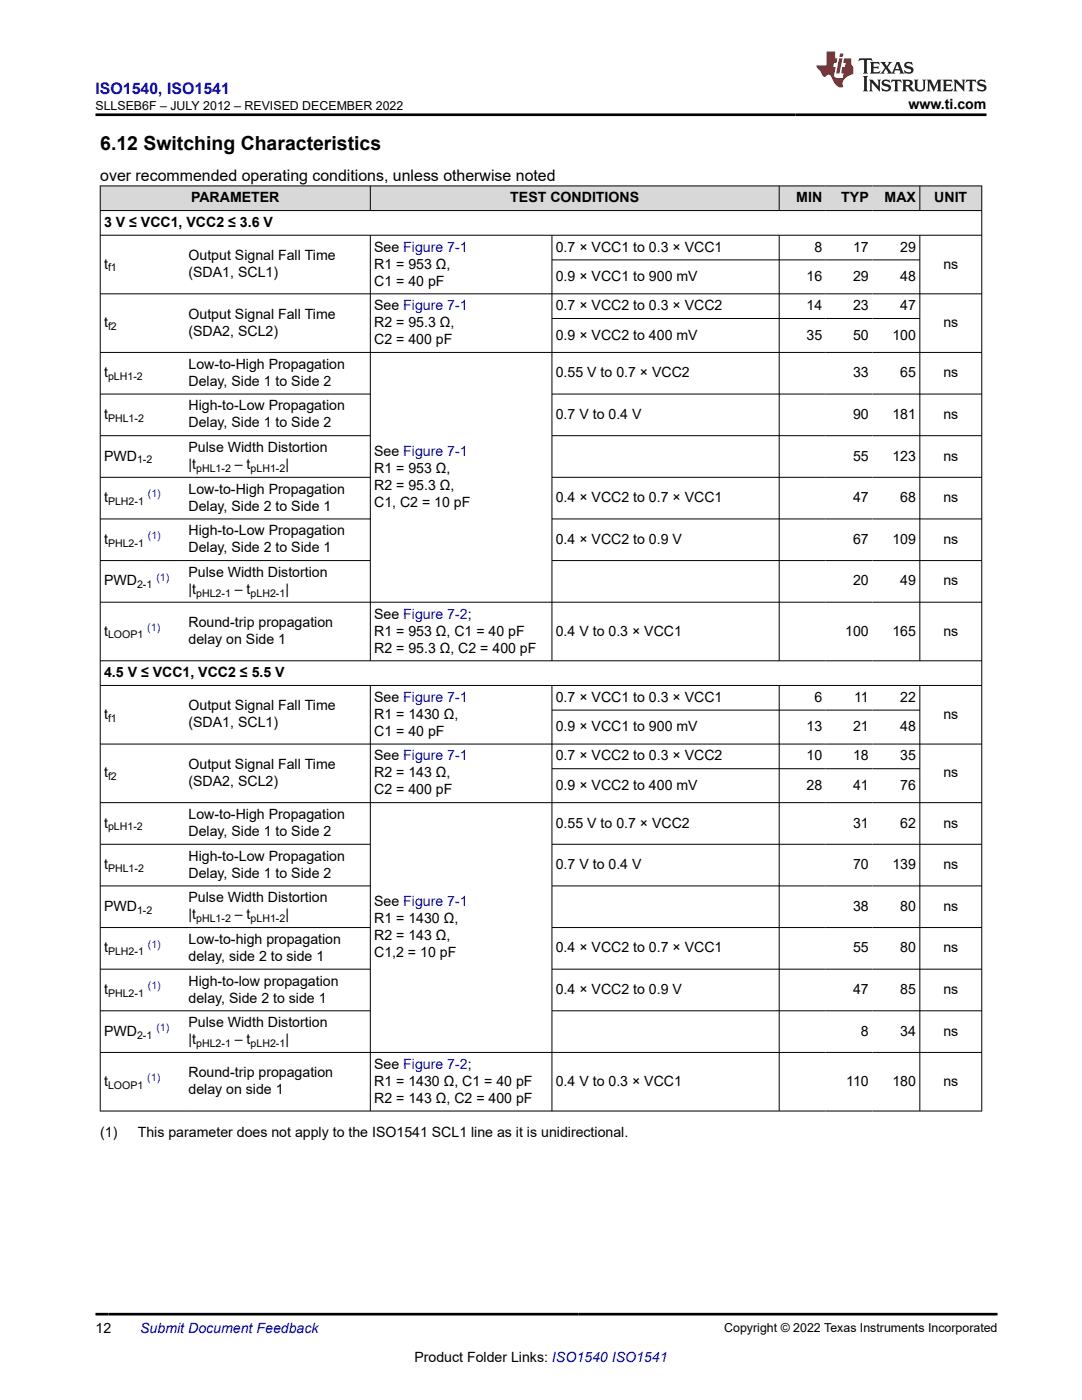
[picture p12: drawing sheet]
<svg xmlns="http://www.w3.org/2000/svg" width="216mm" height="279mm" viewBox="0 0 216 279" stroke-linecap="round" stroke-linejoin="round" font-family="sans-serif">
<defs><g id="words">
<text font-size="3.9" x="20" y="29.9">6.12 Switching Characteristics</text>
<text font-size="3.2" fill="#00f" x="19" y="18.7">ISO1540, ISO1541</text>
<text font-size="3.2" x="20" y="36.1">over recommended operating conditions, unless otherwise noted</text>
<g font-size="2.8">
<text x="181.3" y="21.8">www.ti.com</text>
<text x="38.1" y="40.4">PARAMETER</text>
<text x="101.8" y="40.4">TEST CONDITIONS</text>
<text x="158.9" y="40.4">MIN</text>
<text x="167.9" y="40.4">TYP</text>
<text x="176.5" y="40.4">MAX</text>
<text x="186.4" y="40.4">UNIT</text>
<text x="20.8" y="45.3">3 V ≤ VCC1, VCC2 ≤ 3.6 V</text>
<text x="20.8" y="53.6">t</text>
<text x="37.6" y="51.9">Output Signal Fall Time</text>
<text x="74.7" y="50.2">See Figure 7-1</text>
<text x="74.7" y="53.6">R1 = 953 Ω,</text>
<text x="110.9" y="50.2">0.7 × VCC1 to 0.3 × VCC1</text>
<text x="162.5" y="50.2">8</text>
<text x="170.2" y="50.2">17</text>
<text x="179.6" y="50.2">29</text>
<text x="188.2" y="53.6">ns</text>
<text x="37.6" y="55.3">(SDA1, SCL1)</text>
<text x="74.7" y="57">C1 = 40 pF</text>
<text x="110.9" y="56.1">0.9 × VCC1 to 900 mV</text>
<text x="160.9" y="56.1">16</text>
<text x="170.2" y="56.1">29</text>
<text x="179.6" y="56.1">48</text>
<text x="20.8" y="65.3">t</text>
<text x="37.6" y="63.6">Output Signal Fall Time</text>
<text x="74.7" y="61.9">See Figure 7-1</text>
<text x="74.7" y="65.3">R2 = 95.3 Ω,</text>
<text x="110.9" y="61.9">0.7 × VCC2 to 0.3 × VCC2</text>
<text x="160.9" y="61.9">14</text>
<text x="170.2" y="61.9">23</text>
<text x="179.6" y="61.9">47</text>
<text x="188.2" y="65.3">ns</text>
<text x="37.6" y="67">(SDA2, SCL2)</text>
<text x="74.7" y="68.7">C2 = 400 pF</text>
<text x="110.9" y="67.8">0.9 × VCC2 to 400 mV</text>
<text x="160.9" y="67.8">35</text>
<text x="170.2" y="67.8">50</text>
<text x="178.1" y="67.8">100</text>
<text x="20.8" y="75.3">t</text>
<text x="37.6" y="73.6">Low-to-High Propagation</text>
<text x="37.6" y="77">Delay, Side 1 to Side 2</text>
<text x="110.9" y="75.3">0.55 V to 0.7 × VCC2</text>
<text x="170.2" y="75.3">33</text>
<text x="179.6" y="75.3">65</text>
<text x="188.2" y="75.3">ns</text>
<text x="20.8" y="83.6">t</text>
<text x="37.6" y="81.9">High-to-Low Propagation</text>
<text x="110.9" y="83.6">0.7 V to 0.4 V</text>
<text x="170.2" y="83.6">90</text>
<text x="178.1" y="83.6">181</text>
<text x="188.2" y="83.6">ns</text>
<text x="37.6" y="85.3">Delay, Side 1 to Side 2</text>
<text x="20.8" y="91.9">PWD</text>
<text x="37.6" y="90.2">Pulse Width Distortion</text>
<text x="37.6" y="93.6">|t</text>
<text x="46.9" y="93.6">– t</text>
<text x="56.9" y="93.6">|</text>
<text x="74.7" y="91">See Figure 7-1</text>
<text x="74.7" y="94.4">R1 = 953 Ω,</text>
<text x="170.2" y="91.9">55</text>
<text x="178.1" y="91.9">123</text>
<text x="188.2" y="91.9">ns</text>
<text x="20.8" y="100.2">t</text>
<text x="37.6" y="98.5">Low-to-High Propagation</text>
<text x="37.6" y="101.9">Delay, Side 2 to Side 1</text>
<text x="74.7" y="97.8">R2 = 95.3 Ω,</text>
<text x="74.7" y="101.2">C1, C2 = 10 pF</text>
<text x="110.9" y="100.2">0.4 × VCC2 to 0.7 × VCC1</text>
<text x="170.2" y="100.2">47</text>
<text x="179.6" y="100.2">68</text>
<text x="188.2" y="100.2">ns</text>
<text x="37.6" y="106.8">High-to-Low Propagation</text>
<text x="20.8" y="108.5">t</text>
<text x="37.6" y="110.2">Delay, Side 2 to Side 1</text>
<text x="110.9" y="108.5">0.4 × VCC2 to 0.9 V</text>
<text x="170.2" y="108.5">67</text>
<text x="178.1" y="108.5">109</text>
<text x="188.2" y="108.5">ns</text>
<text x="20.8" y="116.8">PWD</text>
<text x="37.6" y="115.1">Pulse Width Distortion</text>
<text x="37.6" y="118.5">|t</text>
<text x="46.9" y="118.5">– t</text>
<text x="56.9" y="118.5">|</text>
<text x="170.2" y="116.8">20</text>
<text x="179.6" y="116.8">49</text>
<text x="188.2" y="116.8">ns</text>
<text x="37.6" y="125.1">Round-trip propagation</text>
<text x="74.7" y="123.5">See Figure 7-2;</text>
<text x="20.8" y="126.8">t</text>
<text x="37.6" y="128.5">delay on Side 1</text>
<text x="74.7" y="126.8">R1 = 953 Ω, C1 = 40 pF</text>
<text x="74.7" y="130.2">R2 = 95.3 Ω, C2 = 400 pF</text>
<text x="110.9" y="126.8">0.4 V to 0.3 × VCC1</text>
<text x="168.6" y="126.8">100</text>
<text x="178.1" y="126.8">165</text>
<text x="188.2" y="126.8">ns</text>
<text x="20.8" y="135.2">4.5 V ≤ VCC1, VCC2 ≤ 5.5 V</text>
<text x="20.8" y="143.5">t</text>
<text x="37.6" y="141.8">Output Signal Fall Time</text>
<text x="74.7" y="140.1">See Figure 7-1</text>
<text x="74.7" y="143.5">R1 = 1430 Ω,</text>
<text x="110.9" y="140.1">0.7 × VCC1 to 0.3 × VCC1</text>
<text x="162.5" y="140.1">6</text>
<text x="170.4" y="140.1">11</text>
<text x="179.6" y="140.1">22</text>
<text x="188.2" y="143.5">ns</text>
<text x="37.6" y="145.2">(SDA1, SCL1)</text>
<text x="74.7" y="146.8">C1 = 40 pF</text>
<text x="110.9" y="145.9">0.9 × VCC1 to 900 mV</text>
<text x="160.9" y="145.9">13</text>
<text x="170.2" y="145.9">21</text>
<text x="179.6" y="145.9">48</text>
<text x="20.8" y="155.2">t</text>
<text x="37.6" y="153.5">Output Signal Fall Time</text>
<text x="74.7" y="151.8">See Figure 7-1</text>
<text x="74.7" y="155.2">R2 = 143 Ω,</text>
<text x="110.9" y="151.8">0.7 × VCC2 to 0.3 × VCC2</text>
<text x="160.9" y="151.8">10</text>
<text x="170.2" y="151.8">18</text>
<text x="179.6" y="151.8">35</text>
<text x="188.2" y="155.2">ns</text>
<text x="37.6" y="156.8">(SDA2, SCL2)</text>
<text x="74.7" y="158.5">C2 = 400 pF</text>
<text x="110.9" y="157.6">0.9 × VCC2 to 400 mV</text>
<text x="160.9" y="157.6">28</text>
<text x="170.2" y="157.6">41</text>
<text x="179.6" y="157.6">76</text>
<text x="20.8" y="165.2">t</text>
<text x="37.6" y="163.5">Low-to-High Propagation</text>
<text x="37.6" y="166.8">Delay, Side 1 to Side 2</text>
<text x="110.9" y="165.2">0.55 V to 0.7 × VCC2</text>
<text x="170.2" y="165.2">31</text>
<text x="179.6" y="165.2">62</text>
<text x="188.2" y="165.2">ns</text>
<text x="20.8" y="173.5">t</text>
<text x="37.6" y="171.8">High-to-Low Propagation</text>
<text x="110.9" y="173.5">0.7 V to 0.4 V</text>
<text x="170.2" y="173.5">70</text>
<text x="178.1" y="173.5">139</text>
<text x="188.2" y="173.5">ns</text>
<text x="37.6" y="175.2">Delay, Side 1 to Side 2</text>
<text x="20.8" y="181.8">PWD</text>
<text x="37.6" y="180.1">Pulse Width Distortion</text>
<text x="37.6" y="183.5">|t</text>
<text x="46.9" y="183.5">– t</text>
<text x="56.9" y="183.5">|</text>
<text x="74.7" y="180.8">See Figure 7-1</text>
<text x="74.7" y="184.2">R1 = 1430 Ω,</text>
<text x="170.2" y="181.8">38</text>
<text x="179.6" y="181.8">80</text>
<text x="188.2" y="181.8">ns</text>
<text x="20.8" y="190.1">t</text>
<text x="37.6" y="188.4">Low-to-high propagation</text>
<text x="37.6" y="191.8">delay, side 2 to side 1</text>
<text x="74.7" y="187.6">R2 = 143 Ω,</text>
<text x="74.7" y="191">C1,2 = 10 pF</text>
<text x="110.9" y="190.1">0.4 × VCC2 to 0.7 × VCC1</text>
<text x="170.2" y="190.1">55</text>
<text x="179.6" y="190.1">80</text>
<text x="188.2" y="190.1">ns</text>
<text x="37.6" y="196.7">High-to-low propagation</text>
<text x="20.8" y="198.4">t</text>
<text x="37.6" y="200.1">delay, Side 2 to side 1</text>
<text x="110.9" y="198.4">0.4 × VCC2 to 0.9 V</text>
<text x="170.2" y="198.4">47</text>
<text x="179.6" y="198.4">85</text>
<text x="188.2" y="198.4">ns</text>
<text x="20.8" y="206.7">PWD</text>
<text x="37.6" y="205">Pulse Width Distortion</text>
<text x="37.6" y="208.4">|t</text>
<text x="46.9" y="208.4">– t</text>
<text x="56.9" y="208.4">|</text>
<text x="171.8" y="206.7">8</text>
<text x="179.6" y="206.7">34</text>
<text x="188.2" y="206.7">ns</text>
<text x="37.6" y="215">Round-trip propagation</text>
<text x="74.7" y="213.3">See Figure 7-2;</text>
<text x="20.8" y="216.7">t</text>
<text x="37.6" y="218.4">delay on side 1</text>
<text x="74.7" y="216.7">R1 = 1430 Ω, C1 = 40 pF</text>
<text x="74.7" y="220.1">R2 = 143 Ω, C2 = 400 pF</text>
<text x="110.9" y="216.7">0.4 V to 0.3 × VCC1</text>
<text x="168.9" y="216.7">110</text>
<text x="178.1" y="216.7">180</text>
<text x="188.2" y="216.7">ns</text>
<text x="20" y="226.9">(1)</text>
<text x="27.5" y="226.9">This parameter does not apply to the ISO1541 SCL1 line as it is unidirectional.</text>
<text x="19" y="266.1">12</text>
<text x="82.7" y="271.7">Product Folder Links: ISO1540 ISO1541</text>
</g>
<text font-size="2.8" fill="#00f" x="28" y="266.1">Submit Document Feedback</text>
<g font-size="2.5">
<text x="19.1" y="21.9">SLLSEB6F – JULY 2012 – REVISED DECEMBER 2022</text>
<text x="144.5" y="265.8">Copyright © 2022 Texas Instruments Incorporated</text>
</g>
<g font-size="2.1">
<text x="21.6" y="54.2">f1</text>
<text x="21.6" y="65.9">f2</text>
<text x="21.6" y="75.9">pLH1-2</text>
<text x="21.6" y="84.2">PHL1-2</text>
<text x="27.4" y="92.5">1-2</text>
<text x="39.1" y="94.2">pHL1-2</text>
<text x="50" y="94.2">pLH1-2</text>
<text x="21.6" y="100.8">PLH2-1</text>
<text x="21.6" y="109.1">PHL2-1</text>
<text x="27.4" y="117.4">2-1</text>
<text x="39.1" y="119.1">pHL2-1</text>
<text x="50" y="119.1">pLH2-1</text>
<text x="21.6" y="127.4">LOOP1</text>
<text x="21.6" y="144">f1</text>
<text x="21.6" y="155.7">f2</text>
<text x="21.6" y="165.7">pLH1-2</text>
<text x="21.6" y="174">PHL1-2</text>
<text x="27.4" y="182.3">1-2</text>
<text x="39.1" y="184">pHL1-2</text>
<text x="50" y="184">pLH1-2</text>
<text x="21.6" y="190.6">PLH2-1</text>
<text x="21.6" y="199">PHL2-1</text>
<text x="27.4" y="207.3">2-1</text>
<text x="39.1" y="209">pHL2-1</text>
<text x="50" y="209">pLH2-1</text>
<text x="21.6" y="217.3">LOOP1</text>
</g>
<g font-size="2.1" fill="#00f">
<text x="29.5" y="99.3">(1)</text>
<text x="29.5" y="107.6">(1)</text>
<text x="31.2" y="115.9">(1)</text>
<text x="29.4" y="125.9">(1)</text>
<text x="29.5" y="189.1">(1)</text>
<text x="29.5" y="197.4">(1)</text>
<text x="31.2" y="205.8">(1)</text>
<text x="29.4" y="215.8">(1)</text>
</g>
</g></defs>
<g fill="#d8d8d8">
<path d="M20 37.1h175.9v4.9h-175.9z" fill-rule="evenodd"/>
<path d="M20.1 37.2h53.7v4.8h-53.7z" fill-rule="evenodd"/>
<path d="M74 37.2h81.4v4.8h-81.4z" fill-rule="evenodd"/>
<path d="M155.5 37.2h9.3v4.8h-9.3z" fill-rule="evenodd"/>
<path d="M164.8 37.2h9.3v4.8h-9.3z" fill-rule="evenodd"/>
<path d="M174.1 37.2h9.4v4.8h-9.4z" fill-rule="evenodd"/>
<path d="M183.6 37.2h12.2v4.8h-12.2z" fill-rule="evenodd"/>
</g>
<g fill="none" stroke="#000" stroke-width=".2">
<path d="M19.9 37.1h176.1M20 37v184.8M73.9 37v5.1M155.5 37v5.1M183.5 37v5.1M195.9 37v184.8M19.9 42h176.1M19.9 46.9h176.1M19.9 58.6h176.1M73.9 46.9v85M110.1 46.9v85M110.1 51.9h73.5"/>
<path d="M155.5 46.9v85M183.5 46.9v85M19.9 70.3h176.1M19.9 78.6h54.1M110.1 63.6h73.5M110.1 78.6h85.9M19.9 87h54.1M19.9 95.3h54.1M110.1 87h85.9M110.1 95.3h85.9M19.9 103.6h54.1M19.9 111.9h54.1"/>
<path d="M110.1 103.6h85.9M110.1 111.9h85.9M19.9 120.2h176.1M19.9 131.9h176.1M19.9 136.8h176.1M73.9 136.8v85M110.1 136.8v85M155.5 136.8v85M183.5 136.8v85M19.9 148.5h176.1M110.1 141.7h73.5M110.1 153.4h73.5"/>
<path d="M19.9 160.2h176.1M19.9 168.5h54.1M19.9 176.8h54.1M110.1 168.5h85.9M110.1 176.8h85.9M19.9 185.1h54.1M19.9 193.4h54.1M110.1 185.1h85.9M110.1 193.4h85.9M19.9 210h176.1M19.9 201.7h54.1M110.1 201.7h85.9"/>
<path d="M19.9 221.7h176.1"/>
</g>
<path d="M171.5 11.6l-.2 .6 .5-.2h.6v.1v2.2l-.2 .4h1l-.2-.4v-2.2v-.1h.5l.5 .2-.1-.6zM173.6 12.4l.2 .3v1.6l-.2 .4h1.9l.1-.6a1.08 1.08 0 0 1-1.3 .2v-.7h.6l.4 .2v-.7l-.4 .2h-.6v-.5l.2-.2a1 1 0 0 1 1 .3l-.1-.5zM175.7 12.4l.9 1.1-1 1.2h.9l-.2-.2 .5-.8 .4 .8-.2 .2h1.6l-.2-.2 .2-.5h.9l.1 .5-.1 .2h.9l-.2-.4-.8-1.9h-.5l-.9 2.1-.9-1.1 .9-1h-.8l.2 .2-.4 .6-.4-.6 .2-.2zM179 12.8l.4 1h-.7zM180.7 12.5a.65 .65 0 0 0-.2 .7 .65 .65 0 0 0 .6 .5l.6 .1 .1 .3a.79 .79 0 0 1-.7 .4 .79 .79 0 0 1-.7-.5l.1 .7 .2-.1a.93 .93 0 0 0 1.1 0 .93 .93 0 0 0 .4-.9 1.46 1.46 0 0 0-1.2-.6l-.1-.3a1.09 1.09 0 0 1 1.2 .2l-.2-.6-.1 .1-.5-.2zM172.2 15.2l.2 .4v2.2l-.2 .4h1l-.2-.4v-2.2l.2-.4zM173.4 15.9l.2 .4v1.5l-.2 .4h.8l-.3-.4 .1-1.3 1.6 1.8v-2l.2-.4h-.7l.1 .2 .1 1.1-1.2-1.3zM176.2 16a.65 .65 0 0 0-.2 .8 .65 .65 0 0 0 .6 .4l.6 .2 .1 .2a.79 .79 0 0 1-.7 .4 .79 .79 0 0 1-.7-.5l.1 .7 .2-.1a.93 .93 0 0 0 1.1 .1 .93 .93 0 0 0 .4-1 1.46 1.46 0 0 0-1.2-.5l-.1-.4a1.09 1.09 0 0 1 1.2 .2l-.1-.6-.2 .1-.5-.1zM177.9 15.9l-.1 .6a.63 .63 0 0 1 .8-.3v1.6l-.3 .4h1l-.2-.4v-1.6a.66 .66 0 0 1 .8 .3l-.1-.6zM180 15.9l.2 .4v1.5l-.2 .4h1l-.2-.2-.1-.7h.5l.1 .2a.79 .79 0 0 0 1.2 .6l-1-.9a.61 .61 0 0 0 .6-.6 .61 .61 0 0 0-.5-.7zM180.8 16.2h.1a.47 .47 0 0 1 .5 .1 .47 .47 0 0 1 .1 .5l-.1 .1-.7 .1zM182.3 15.9l.2 .2a2.27 2.27 0 0 0 .4 2 1.04 1.04 0 0 0 1.7-.7v-1.3l.2-.2h-.8l.2 .4v1.1a.6 .6 0 0 1-.6 .6 .6 .6 0 0 1-.6-.6v-1.1l.3-.4zM184.9 15.9l.2 .4v1.5l-.2 .4h.8l-.3-.4v-1.4l.9 1.9 .9-1.9v1.4l-.3 .4h1l-.2-.4v-1.5l.2-.4h-.8l-.7 1.5-.6-1.5zM188.1 15.9l.2 .4v1.5l-.2 .4h1.9l.1-.6a1.09 1.09 0 0 1-1.3 .2v-.7h.6l.4 .2v-.6l-.4 .2h-.6v-.6l.2-.1a1.01 1.01 0 0 1 1 .3l-.1-.6zM190.2 15.9l.3 .4v1.5l-.3 .4h.8l-.2-.4v-1.3l1.6 1.8v-2l.2-.4h-.7l.2 .2v1.1l-1.2-1.3zM192.8 15.9l-.1 .6a.63 .63 0 0 1 .8-.3v1.6l-.3 .4h1l-.2-.4v-1.6a.66 .66 0 0 1 .8 .3l-.1-.6zM195.2 16a.65 .65 0 0 0-.2 .8 .65 .65 0 0 0 .6 .4l.6 .2 .2 .2a.79 .79 0 0 1-.7 .4 .79 .79 0 0 1-.7-.5l.1 .7 .2-.1a.93 .93 0 0 0 1 .1 .93 .93 0 0 0 .5-1 1.46 1.46 0 0 0-1.3-.5v-.4a1.09 1.09 0 0 1 1.2 .2l-.2-.6-.2 .1-.5-.1z" fill="#231f20"/>
<path d="M164.9 10.3v2.7h-2l.1 .4 .8 1a.95 .95 0 0 0 1 .9 .59 .59 0 0 1 .5-.4 .59 .59 0 0 1 .5 .3l.4 .8a1.59 1.59 0 0 0 2.1 1.4 1.61 1.61 0 0 1 1-2.3l1-.3-.1-1.5a1.59 1.59 0 0 1-.3-1.7h-1.5l-.2 .9h.6l-.2 .9h-.5l-.2 .9v.3l.4 .1-.1 .9h-.7a.73 .73 0 0 1-1-.7l.3-1.5h-.5l.1-.9h.5l.2-.9h-.5v-1.3zM167.4 11.6l-.6 3.1h.7l.6-3.1zM167.6 10.7l-.1 .6h.7l.1-.6z" fill="#ed1c24"/>
<path d="M19 22.9h177.8M19 262.3h180" fill="none" stroke="#000" stroke-width=".53"/>
<use href="#words"/>
</svg>

### INSTRUCTIONS TO FOLLOW
Each line of the data that holds "rule" should be copied.

### RESULT OF THIS TASK
<path d="M20 37.1h175.9v4.9h-175.9z" fill-rule="evenodd"/>
<path d="M20.1 37.2h53.7v4.8h-53.7z" fill-rule="evenodd"/>
<path d="M74 37.2h81.4v4.8h-81.4z" fill-rule="evenodd"/>
<path d="M155.5 37.2h9.3v4.8h-9.3z" fill-rule="evenodd"/>
<path d="M164.8 37.2h9.3v4.8h-9.3z" fill-rule="evenodd"/>
<path d="M174.1 37.2h9.4v4.8h-9.4z" fill-rule="evenodd"/>
<path d="M183.6 37.2h12.2v4.8h-12.2z" fill-rule="evenodd"/>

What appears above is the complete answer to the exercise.